Speaking of collaboration......Gilead is still in a few. This one cured everyone they treated This one is Sofosbuvir and Simeprevir (TMC435, a PI, very similar to Incivek or Victrelis, but a cleaner side effect profile)
also a more technical write up is on Natap but you have to go there to find the article. There is a chart, but the bottom line is that in every category which they treated they cured. To be fair, I believe they were all null responders, but with minimal staging damage F-0 to F-2
From another natap article;
" Simeprevir is being investigated in combination with PegIFN/RBV in phase III trials and is also being evaluated with Direct-acting Antiviral (DAA) agents in four other phase II interferon-free combinations both with and without ribavirin (RBV)."
one of the Simeprevir trials is with Vertex's VX-135, a compound very similar to Gilead's sofosbuvir.

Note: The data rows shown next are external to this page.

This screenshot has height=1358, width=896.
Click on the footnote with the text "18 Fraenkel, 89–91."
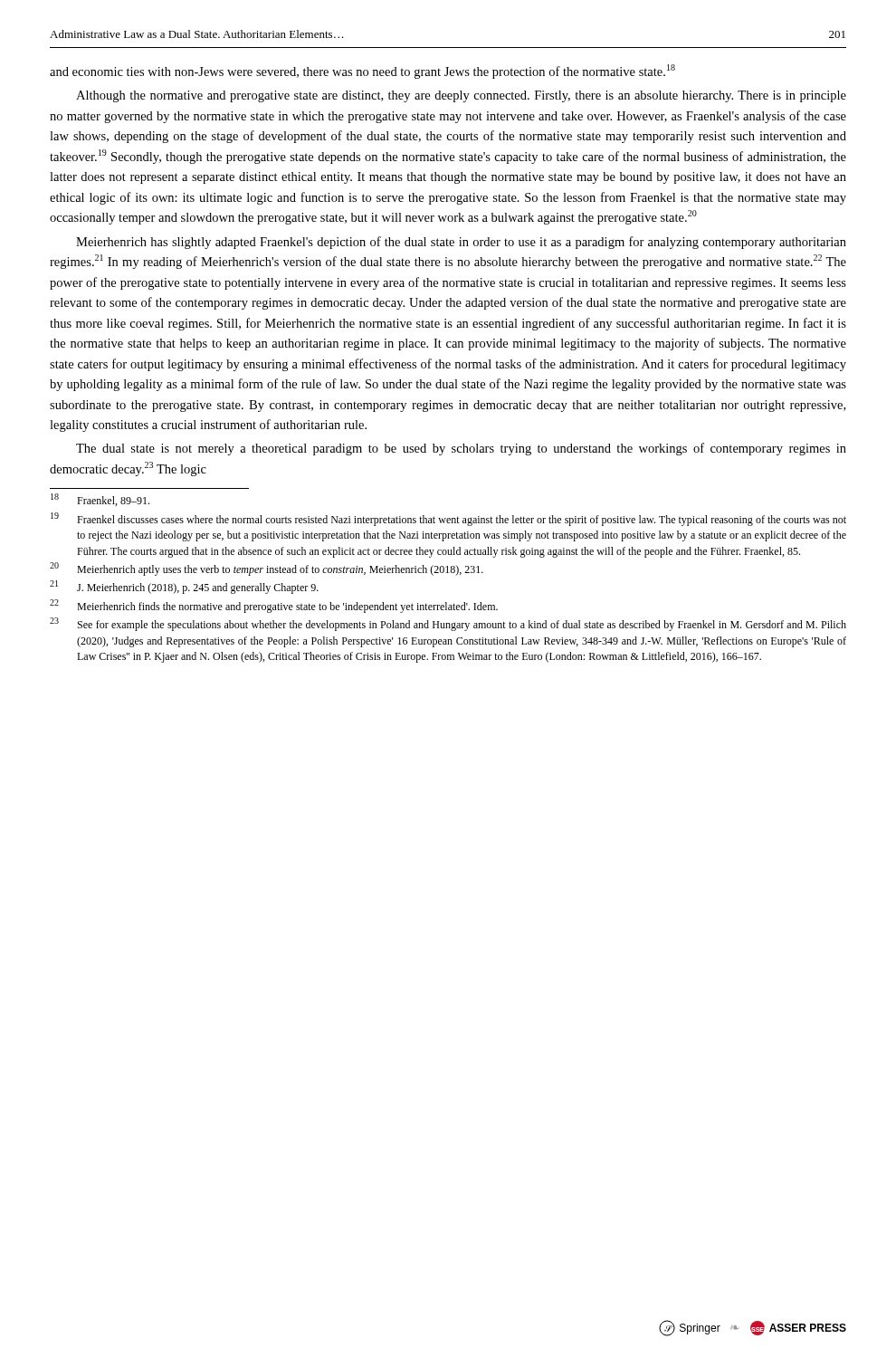[x=100, y=500]
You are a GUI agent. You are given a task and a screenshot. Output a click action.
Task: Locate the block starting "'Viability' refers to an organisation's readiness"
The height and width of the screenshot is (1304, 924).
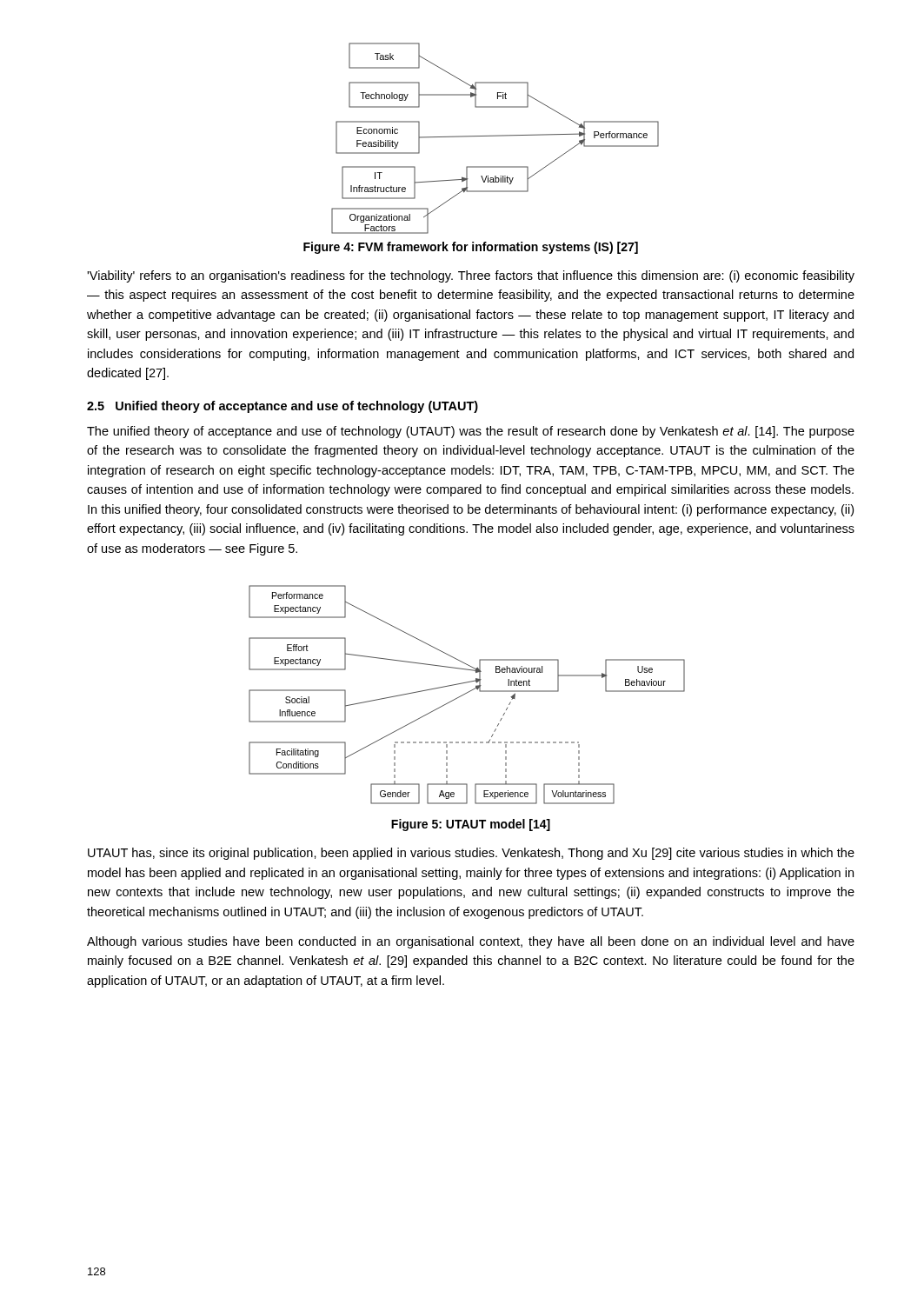[471, 325]

My point is that there are many many drug treatments being developed which will work. There are actually more drugs in development. This is one reason why the stockholders were so critical of Gilead's high priced buy of 7997 for 11 billion, and it is part of the reason they may have felt they could not afford to share in the profits with Bristol.
Note that many most of these trial will also have trial arms both with and without riba. When they cure everyone such as in the first trial I referenced you can kind of imagine that they probably don't need the riba.
I rather think they will find that adding a third DAA compound might be cleaner, quicker and higher efficacy than using riba.
As you suggest, TMC435 is an NS3 protease inhibitor similar to Incivek or Victrelis. This brings up again the thorny question of resistance for people like me who have already failed tx with a protease inhibitor. There may be an assortment of drugs in development but resistance is still the same old minefield. Lately this topic seems to have been placed on the back burner because 7977 apparently has such a high barrier to resistance that it is not an issue with 7977 (the jury is still out in my opinion). That is not so for any other drug currently in development, at least to my knowledge.
So for my next tx selection, ideally I will be trying to avoid a protease inhibitor. Also, if I am having an NS5A inhibitor like the BMS drug then I'll want to see a planB that doesn't include one of those either.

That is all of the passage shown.